A whole lot.
First of all, I have learned to appreciate airplanes, trains, Canada’s wild beauty, and Gordon Lightfoot. Considering Rod’s choice in music was almost a nonstarter for us making it to a second date, it’s an awfully good thing I have learned not only to live with but to love Gord’s poetic lyrics. And, I’m well aware of Rod’s sacrifices to attending my choices of rock concerts with his ear plugs in place. I do get a secret joy every time he whistles the refrain to my music choices though.
I have learned the true meaning of Respect.
I have never enjoyed this depth of respect from any other person—ever. While I am quite versed in establishing healthy boundaries in all parts of life, Rod and our marriage has not been where I needed them. He is masterful at knowing how much to hold me tight to feel safe, secure and loved, yet loosely enough that I can spread my wings and grow.
I also greatly admire Rod’s masculinity, his strength of character, his firmness of conviction and wholesome values, Rod’s depth of empathy, and his unforced generosity, his quietness that balances my chatter.
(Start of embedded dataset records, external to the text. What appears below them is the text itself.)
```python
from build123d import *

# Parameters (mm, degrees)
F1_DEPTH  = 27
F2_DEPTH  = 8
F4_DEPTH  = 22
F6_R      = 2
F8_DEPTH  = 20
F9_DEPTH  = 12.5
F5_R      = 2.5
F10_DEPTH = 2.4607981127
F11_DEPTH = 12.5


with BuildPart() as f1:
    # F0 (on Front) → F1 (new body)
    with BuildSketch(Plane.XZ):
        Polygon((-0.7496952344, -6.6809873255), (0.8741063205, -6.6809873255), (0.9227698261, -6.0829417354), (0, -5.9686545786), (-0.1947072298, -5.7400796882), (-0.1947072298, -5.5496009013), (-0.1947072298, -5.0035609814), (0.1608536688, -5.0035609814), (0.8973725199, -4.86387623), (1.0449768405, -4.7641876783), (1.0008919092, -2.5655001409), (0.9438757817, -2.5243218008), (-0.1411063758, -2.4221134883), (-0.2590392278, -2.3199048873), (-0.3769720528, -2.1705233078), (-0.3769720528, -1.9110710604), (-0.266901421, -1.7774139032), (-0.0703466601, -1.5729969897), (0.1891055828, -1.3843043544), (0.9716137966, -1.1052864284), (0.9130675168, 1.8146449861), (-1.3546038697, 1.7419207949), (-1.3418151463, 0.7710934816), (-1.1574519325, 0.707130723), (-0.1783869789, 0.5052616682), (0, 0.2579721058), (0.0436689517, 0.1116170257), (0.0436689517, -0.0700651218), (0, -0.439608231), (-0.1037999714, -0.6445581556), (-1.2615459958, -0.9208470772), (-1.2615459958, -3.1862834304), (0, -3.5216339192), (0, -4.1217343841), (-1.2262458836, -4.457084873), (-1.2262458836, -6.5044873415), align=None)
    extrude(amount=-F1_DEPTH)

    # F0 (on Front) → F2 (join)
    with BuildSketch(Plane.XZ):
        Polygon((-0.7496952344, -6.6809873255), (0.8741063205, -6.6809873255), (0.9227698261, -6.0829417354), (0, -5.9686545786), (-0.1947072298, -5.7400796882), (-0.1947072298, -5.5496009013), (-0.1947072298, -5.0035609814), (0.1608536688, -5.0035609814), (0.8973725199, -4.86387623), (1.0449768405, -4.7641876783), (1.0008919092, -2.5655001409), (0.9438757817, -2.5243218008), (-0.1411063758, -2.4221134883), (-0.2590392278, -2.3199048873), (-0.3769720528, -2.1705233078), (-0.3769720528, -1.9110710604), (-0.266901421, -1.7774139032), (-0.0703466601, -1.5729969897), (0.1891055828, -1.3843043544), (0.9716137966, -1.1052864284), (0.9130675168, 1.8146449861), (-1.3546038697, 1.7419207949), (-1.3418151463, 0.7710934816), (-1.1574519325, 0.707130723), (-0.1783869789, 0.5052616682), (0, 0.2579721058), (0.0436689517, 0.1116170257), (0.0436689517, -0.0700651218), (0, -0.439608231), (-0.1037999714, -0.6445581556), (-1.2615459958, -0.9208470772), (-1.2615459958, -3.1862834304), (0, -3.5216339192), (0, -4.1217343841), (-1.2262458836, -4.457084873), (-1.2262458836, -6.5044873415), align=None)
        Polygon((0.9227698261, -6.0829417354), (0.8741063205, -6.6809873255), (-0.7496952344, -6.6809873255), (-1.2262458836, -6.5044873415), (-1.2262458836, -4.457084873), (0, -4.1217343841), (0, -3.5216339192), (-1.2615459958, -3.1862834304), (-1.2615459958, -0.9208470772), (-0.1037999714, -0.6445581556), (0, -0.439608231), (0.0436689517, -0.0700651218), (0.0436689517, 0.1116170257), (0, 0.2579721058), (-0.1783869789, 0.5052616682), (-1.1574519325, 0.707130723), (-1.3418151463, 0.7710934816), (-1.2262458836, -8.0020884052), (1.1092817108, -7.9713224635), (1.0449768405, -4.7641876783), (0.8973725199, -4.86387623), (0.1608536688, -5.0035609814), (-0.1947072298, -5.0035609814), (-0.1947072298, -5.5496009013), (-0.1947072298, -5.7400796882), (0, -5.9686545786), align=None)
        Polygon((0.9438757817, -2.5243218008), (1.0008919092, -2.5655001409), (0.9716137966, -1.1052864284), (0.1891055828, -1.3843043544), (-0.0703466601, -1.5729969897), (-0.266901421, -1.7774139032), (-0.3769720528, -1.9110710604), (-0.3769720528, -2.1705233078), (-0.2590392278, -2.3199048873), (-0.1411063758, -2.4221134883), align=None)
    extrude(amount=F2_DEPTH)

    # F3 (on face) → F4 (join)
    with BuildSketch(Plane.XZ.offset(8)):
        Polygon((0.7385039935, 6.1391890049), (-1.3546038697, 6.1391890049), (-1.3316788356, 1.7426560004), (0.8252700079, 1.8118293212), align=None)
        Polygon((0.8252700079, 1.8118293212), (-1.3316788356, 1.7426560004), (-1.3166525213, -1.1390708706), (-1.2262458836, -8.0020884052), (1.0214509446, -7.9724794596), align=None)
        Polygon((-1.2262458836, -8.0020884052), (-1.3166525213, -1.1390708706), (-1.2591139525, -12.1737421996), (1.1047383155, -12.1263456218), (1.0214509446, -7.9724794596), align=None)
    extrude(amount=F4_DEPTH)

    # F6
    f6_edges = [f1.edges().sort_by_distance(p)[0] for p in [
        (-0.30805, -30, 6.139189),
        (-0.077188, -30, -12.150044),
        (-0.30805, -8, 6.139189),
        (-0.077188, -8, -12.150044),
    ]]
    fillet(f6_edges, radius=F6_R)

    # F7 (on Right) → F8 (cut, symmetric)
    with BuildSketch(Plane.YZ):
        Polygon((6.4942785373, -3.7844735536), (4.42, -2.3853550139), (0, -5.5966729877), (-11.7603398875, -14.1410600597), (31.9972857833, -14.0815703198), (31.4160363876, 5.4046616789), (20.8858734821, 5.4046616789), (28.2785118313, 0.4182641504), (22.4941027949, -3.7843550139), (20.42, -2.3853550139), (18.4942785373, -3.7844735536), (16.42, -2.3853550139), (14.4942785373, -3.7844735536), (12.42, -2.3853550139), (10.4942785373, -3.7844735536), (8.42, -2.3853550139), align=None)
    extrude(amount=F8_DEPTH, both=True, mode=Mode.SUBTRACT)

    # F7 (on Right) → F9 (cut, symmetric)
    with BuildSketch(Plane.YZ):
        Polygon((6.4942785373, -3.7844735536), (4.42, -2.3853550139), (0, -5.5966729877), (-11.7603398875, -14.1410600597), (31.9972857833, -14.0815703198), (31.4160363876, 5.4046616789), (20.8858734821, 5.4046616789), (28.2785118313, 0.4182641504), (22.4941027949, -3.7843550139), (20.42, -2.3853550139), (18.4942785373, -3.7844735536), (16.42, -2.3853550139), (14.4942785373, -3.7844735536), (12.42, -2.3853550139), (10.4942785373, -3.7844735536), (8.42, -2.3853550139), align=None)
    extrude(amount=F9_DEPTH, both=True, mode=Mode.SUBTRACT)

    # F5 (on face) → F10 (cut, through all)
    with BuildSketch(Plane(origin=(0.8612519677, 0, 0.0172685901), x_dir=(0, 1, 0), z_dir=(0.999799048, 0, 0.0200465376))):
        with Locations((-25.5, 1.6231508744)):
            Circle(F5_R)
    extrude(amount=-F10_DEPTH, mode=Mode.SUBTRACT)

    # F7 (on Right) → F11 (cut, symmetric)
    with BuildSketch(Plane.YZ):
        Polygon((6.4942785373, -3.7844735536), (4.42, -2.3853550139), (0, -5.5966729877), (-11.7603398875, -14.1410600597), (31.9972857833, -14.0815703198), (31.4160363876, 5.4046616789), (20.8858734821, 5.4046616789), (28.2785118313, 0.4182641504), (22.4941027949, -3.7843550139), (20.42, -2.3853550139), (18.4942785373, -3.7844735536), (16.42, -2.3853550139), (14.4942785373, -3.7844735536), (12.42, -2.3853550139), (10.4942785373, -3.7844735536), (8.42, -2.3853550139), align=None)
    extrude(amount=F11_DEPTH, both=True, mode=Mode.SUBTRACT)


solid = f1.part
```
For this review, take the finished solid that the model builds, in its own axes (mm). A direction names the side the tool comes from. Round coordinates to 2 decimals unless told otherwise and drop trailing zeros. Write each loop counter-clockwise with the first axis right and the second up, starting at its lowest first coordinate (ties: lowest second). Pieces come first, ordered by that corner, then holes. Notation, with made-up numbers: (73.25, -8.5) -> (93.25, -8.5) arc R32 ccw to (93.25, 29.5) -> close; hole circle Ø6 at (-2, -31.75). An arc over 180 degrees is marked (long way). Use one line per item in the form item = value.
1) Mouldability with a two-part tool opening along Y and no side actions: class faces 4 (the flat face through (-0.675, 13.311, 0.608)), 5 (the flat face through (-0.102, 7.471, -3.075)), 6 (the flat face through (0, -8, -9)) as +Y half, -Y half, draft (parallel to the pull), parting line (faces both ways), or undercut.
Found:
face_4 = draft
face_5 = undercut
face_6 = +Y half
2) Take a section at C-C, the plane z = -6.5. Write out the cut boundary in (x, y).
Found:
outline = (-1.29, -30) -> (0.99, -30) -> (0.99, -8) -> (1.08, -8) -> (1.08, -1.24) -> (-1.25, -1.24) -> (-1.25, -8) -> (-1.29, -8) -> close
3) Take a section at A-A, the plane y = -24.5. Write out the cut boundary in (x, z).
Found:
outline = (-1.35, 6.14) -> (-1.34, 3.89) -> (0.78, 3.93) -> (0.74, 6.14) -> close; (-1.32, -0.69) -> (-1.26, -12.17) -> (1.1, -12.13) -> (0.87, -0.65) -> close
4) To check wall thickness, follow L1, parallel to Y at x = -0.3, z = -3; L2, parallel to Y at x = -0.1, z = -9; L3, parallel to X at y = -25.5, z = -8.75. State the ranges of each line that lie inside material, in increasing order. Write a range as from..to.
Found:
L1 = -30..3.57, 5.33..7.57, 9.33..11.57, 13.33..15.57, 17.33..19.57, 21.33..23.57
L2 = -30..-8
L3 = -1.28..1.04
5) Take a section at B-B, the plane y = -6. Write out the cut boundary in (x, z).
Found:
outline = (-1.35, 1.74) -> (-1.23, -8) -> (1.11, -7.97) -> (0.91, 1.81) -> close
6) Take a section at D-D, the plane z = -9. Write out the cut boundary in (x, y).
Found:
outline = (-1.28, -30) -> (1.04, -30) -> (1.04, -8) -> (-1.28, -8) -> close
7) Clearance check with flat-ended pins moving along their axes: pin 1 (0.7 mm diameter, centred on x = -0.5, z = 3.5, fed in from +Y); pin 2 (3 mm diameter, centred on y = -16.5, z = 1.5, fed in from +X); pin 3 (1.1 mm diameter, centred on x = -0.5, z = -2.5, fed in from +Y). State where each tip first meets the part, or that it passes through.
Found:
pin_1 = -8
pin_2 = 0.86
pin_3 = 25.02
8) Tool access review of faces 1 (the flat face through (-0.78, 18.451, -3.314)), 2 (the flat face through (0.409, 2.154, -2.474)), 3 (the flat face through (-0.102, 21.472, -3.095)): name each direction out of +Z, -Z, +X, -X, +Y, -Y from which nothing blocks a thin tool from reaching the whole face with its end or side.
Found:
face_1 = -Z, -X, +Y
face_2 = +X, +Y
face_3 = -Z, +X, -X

Looking back over the last ten years, being a stay-at-home mom was bitter sweet and to deny it would be a lie. I chose to have more kids for Rod who had none of his own. Having been a single working mom, I knew I didn’t want to have more children just to put them in daycare this time. So I stayed home. Despite all of my baggage and issues around loss of income and loss of my career-woman identity that I had to work through—and eventually did—I completely appreciate the sacrifice Rod made by working his ass off in the military at a job that took more away from him than any man should have to give. All of the abundance our family currently enjoys, all of the financial security Rod has arranged for our old-age, are Rod’s doing. He has been the consummate provider and I am overwhelmed with gratitude.
It may not always be apparent to those who don’t know us that my two oldest girls are Rod’s step-daughters, because they are his daughters in his heart. Over the last 10 years they became the closest thing to biological as humanly possible. He has wanted the best for Sarah and to shelter her from pain as much as I do, and Vicky’s future weighs as heavily on him as it does on me. I can’t tell you how much it means to a mom for her husband to love her children.
What can I say that will help someone starting out in their marriage? Essentially, the old adage about communication is true. The only time we fight is when I don’t tell Rod the full story and he fills in the blanks with an active imagination and the wrong stuff. Or, when I am insecure and expect Rod to read my mind and reassure me.
I have learned the only way to stay connected is to be completely open, vulnerable, honest, and to be willing to accept the warts and farts, because he is as human as I am, he is as fallible as I am, and as utterly gifted with potential as I am.
I am so happy to be going through this journey with Rod by my side, and I look forward to celebrating many more decades together.